# Danvers MA 1 Loader + 1 Pickup Operator



## BlueLine Ent (Nov 28, 2005)

Looking for a licensed 2B or 2A loader operator for a loader with fixed 11' blade for municipal contractor route. The route is in Danvers MA.

Also, looking for a pickup driver for a municipal contractor route as well.


Must be licensed for appropriate equipment, available 24/7, eager to work and not want to leave early/give up. We need someone who is comitted, but fear not, we are not slave drivers. Ideal candidates have plowing experience and are easy going and willing to just chug along and take what comes.

Please PM me if you're interested. Thanks


----------



## BlueLine Ent (Nov 28, 2005)

Update to the first post.

We currently only now need a licensed 2A or 2B operator who can work between 9pm and 7am. Odd situation, but if anyone is interested in these hours in Danvers MA, please contact me.


----------



## ChevKid03 (Dec 23, 2007)

BlueLine Ent;502219 said:


> Update to the first post.
> 
> We currently only now need a licensed 2A or 2B operator who can work between 9pm and 7am. Odd situation, but if anyone is interested in these hours in Danvers MA, please contact me.

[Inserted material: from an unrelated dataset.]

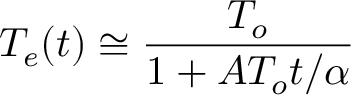Convert formula to latex. <formula><loc_0><loc_0><loc_500><loc_500>T _ { e } ( t ) \cong \frac { T _ { o } } { 1 + A T _ { o } t / \alpha }</formula>

I sent you a PM on the 2A operator...


----------



## BlueLine Ent (Nov 28, 2005)

OK, back to square one again. We had to let an operator go because he decided he didn't want to come in the last 2 storms, and lost out on 21 hours on the machine.

So any operators close to Danvers who are interested, contact me please!!! Or if anyone knows someone, please pass the info along!! It seems so hard to find a reliable operator.

[email protected]


----------



## Gicon (Oct 1, 2005)

Blue Line, Ill take it. Ive got a Mass, 1B, 1C, 2B, 2C. I also have a Mass CDL B with Air Brakes and Passenger, and a CDL A Permit. Clean record, no accidents, no tickets, no drugs, no criminal history. What time you want me there?


----------



## BlueLine Ent (Nov 28, 2005)

Therein lies the problem....we don't have a scheduled start, we just need to go when the town calls. And anyone who wanted to do it so far, has lived to far away to get here, get the machine, and get to the route in under an hour......in the middle of a snowstorm.


----------



## Gicon (Oct 1, 2005)

BlueLine Ent;524172 said:


> Therein lies the problem....we don't have a scheduled start, we just need to go when the town calls. And anyone who wanted to do it so far, has lived to far away to get here, get the machine, and get to the route in under an hour......in the middle of a snowstorm.


DId you see that guy from danvers that made the news for having a huge loader.....I forget his last name, but something like Ron Ronrough or something?????


----------



## prostock07 (Dec 6, 2007)

i'm from maine cdl class b tank/hazmatand class a permit, i run 624 w/snow pusher and blade at a lowes up here and have a few ??

2a 2b license's for a loader? 

rate of pay in that area for a loader op?

just curious

thanks
kevin


----------